[Dataset records]
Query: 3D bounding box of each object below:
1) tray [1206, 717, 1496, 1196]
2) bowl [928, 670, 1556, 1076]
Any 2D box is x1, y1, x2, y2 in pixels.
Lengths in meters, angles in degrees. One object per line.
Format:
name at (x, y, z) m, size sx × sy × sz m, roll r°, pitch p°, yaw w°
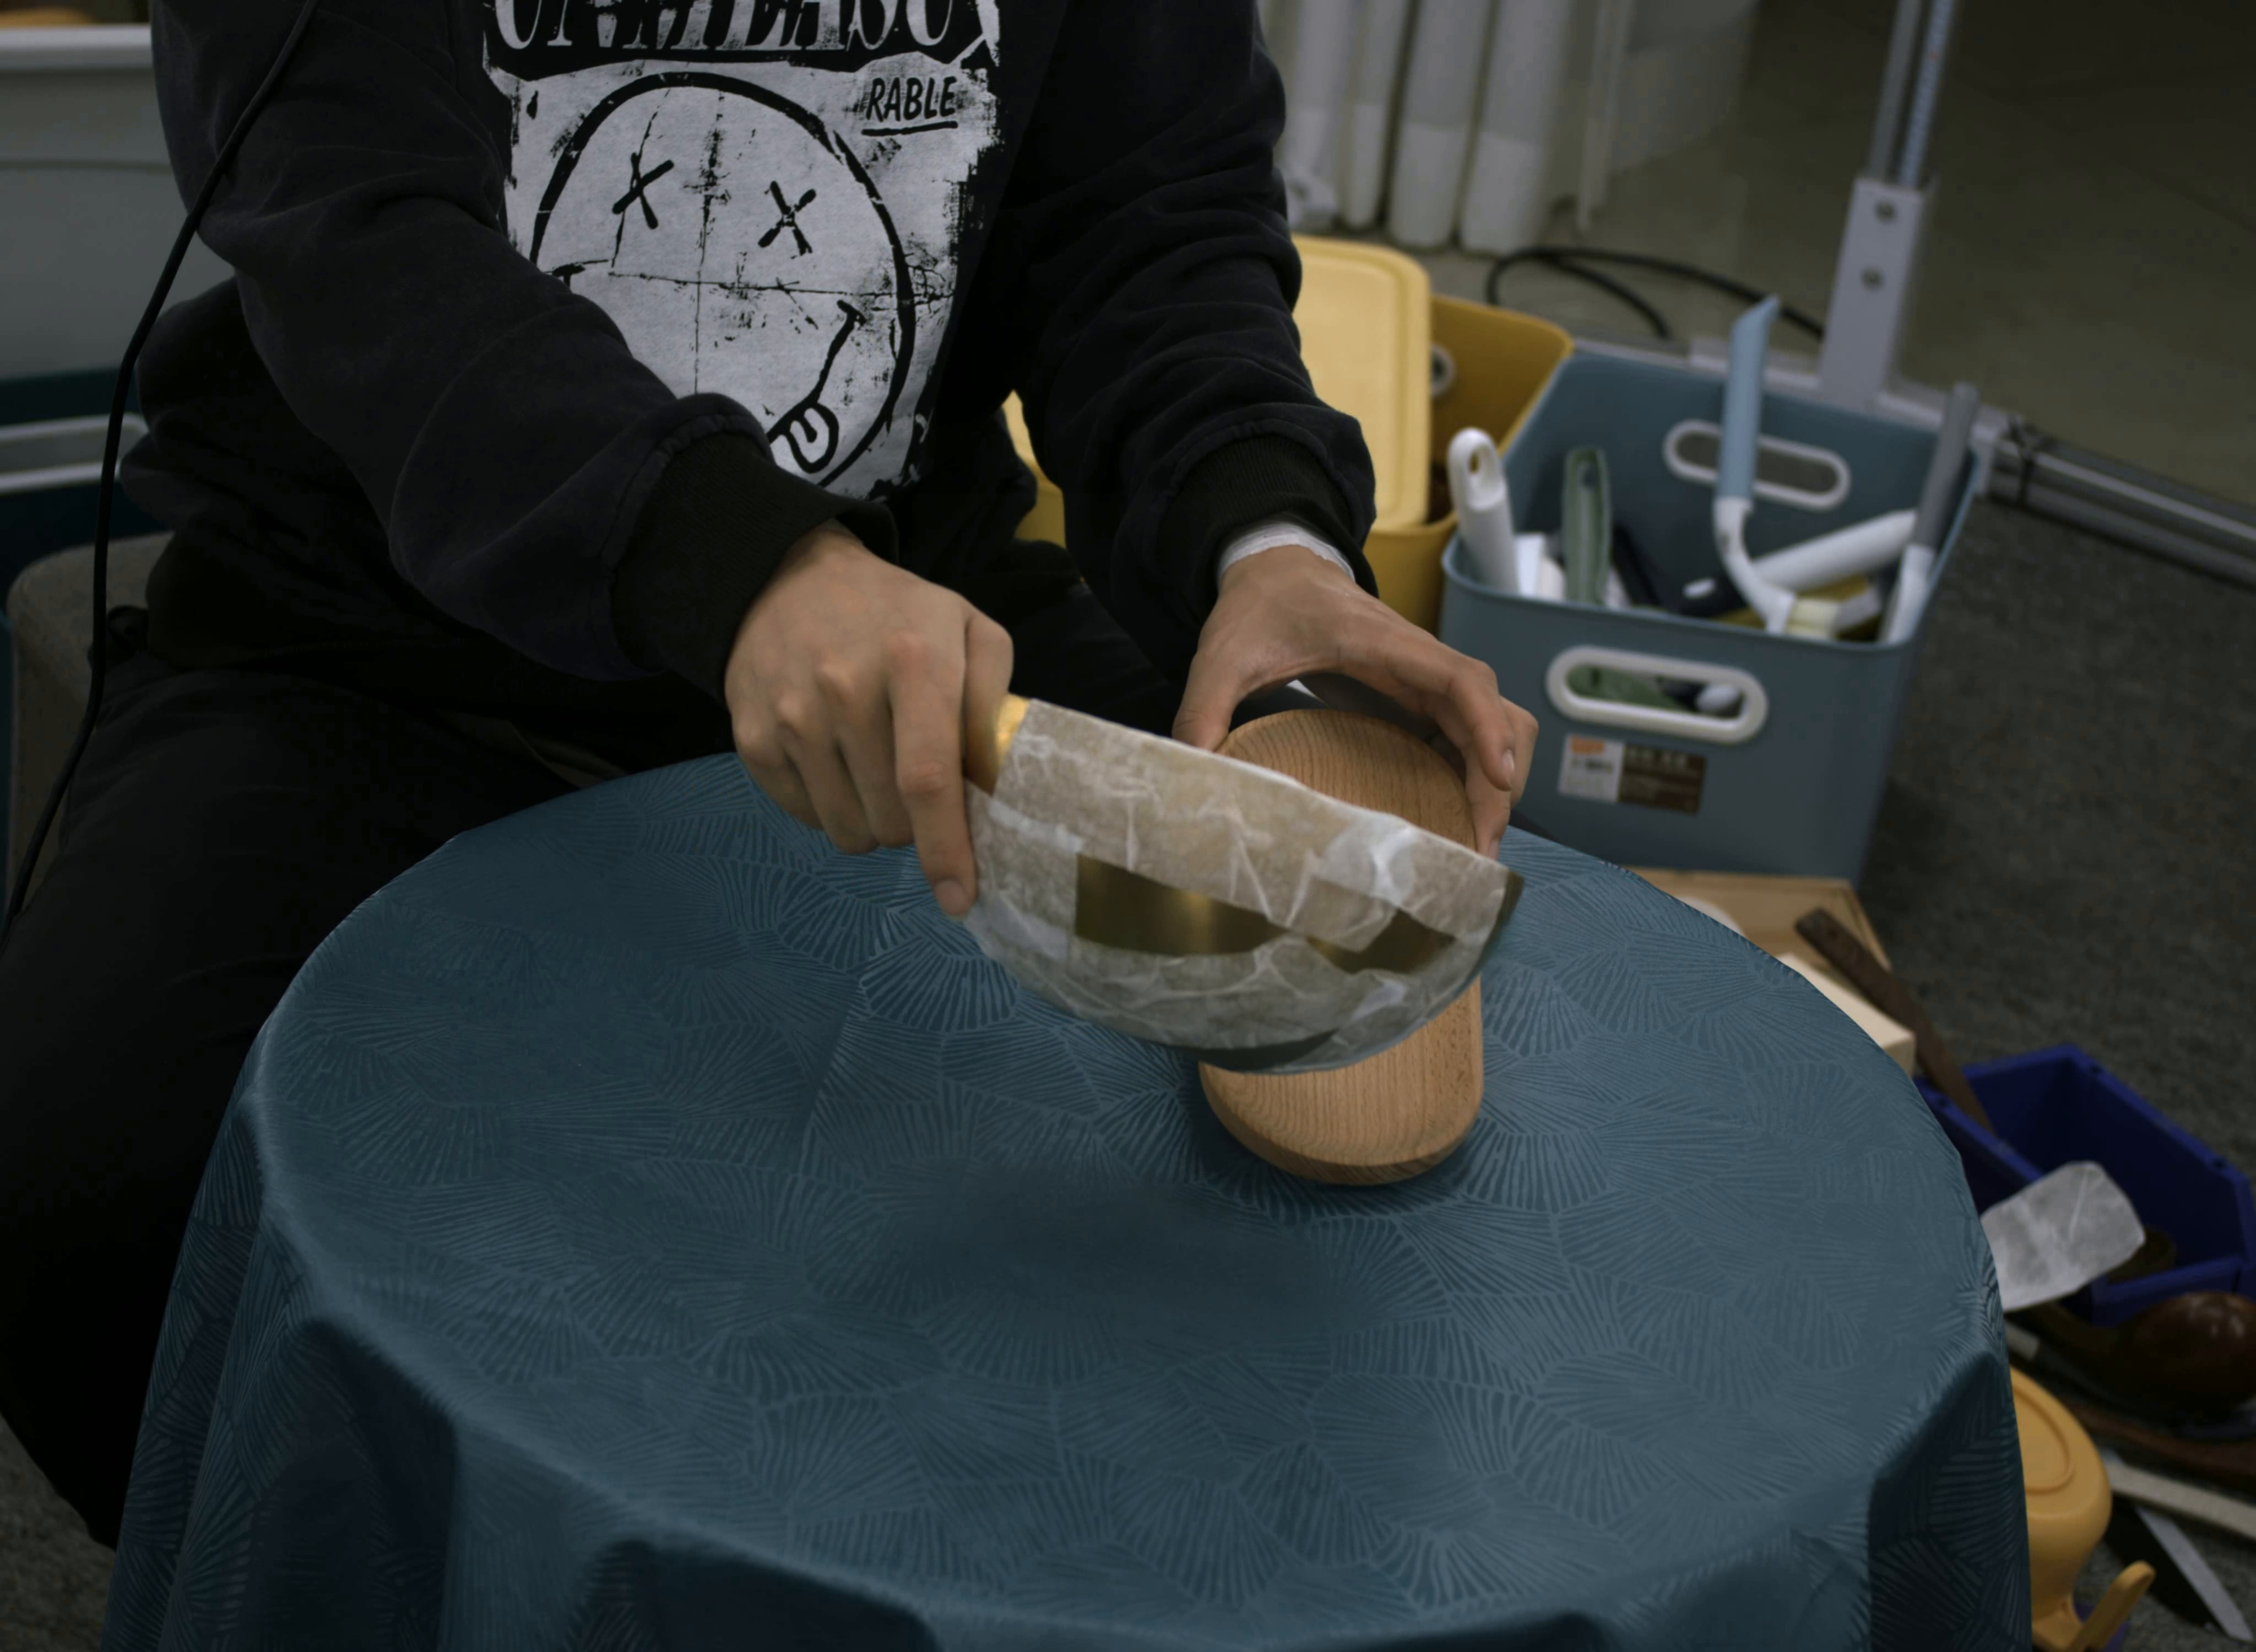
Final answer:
tray at (0.077, 0.044, 1.893) m, size 0.101 × 0.020 × 0.233 m, roll 4°, pitch 44°, yaw -4°
bowl at (0.023, 0.027, 1.724) m, size 0.214 × 0.095 × 0.214 m, roll 18°, pitch -2°, yaw 0°

- What you have to do:
Extract, word for word, every line from the one containing "2) bowl [928, 670, 1556, 1076]" to the end of the data above, both ends included, and leave out the pictures.

- Answer to the exercise:
2) bowl [928, 670, 1556, 1076]
Any 2D box is x1, y1, x2, y2 in pixels.
Lengths in meters, angles in degrees. One object per line.
Format:
name at (x, y, z) m, size sx × sy × sz m, roll r°, pitch p°, yaw w°
Final answer:
tray at (0.077, 0.044, 1.893) m, size 0.101 × 0.020 × 0.233 m, roll 4°, pitch 44°, yaw -4°
bowl at (0.023, 0.027, 1.724) m, size 0.214 × 0.095 × 0.214 m, roll 18°, pitch -2°, yaw 0°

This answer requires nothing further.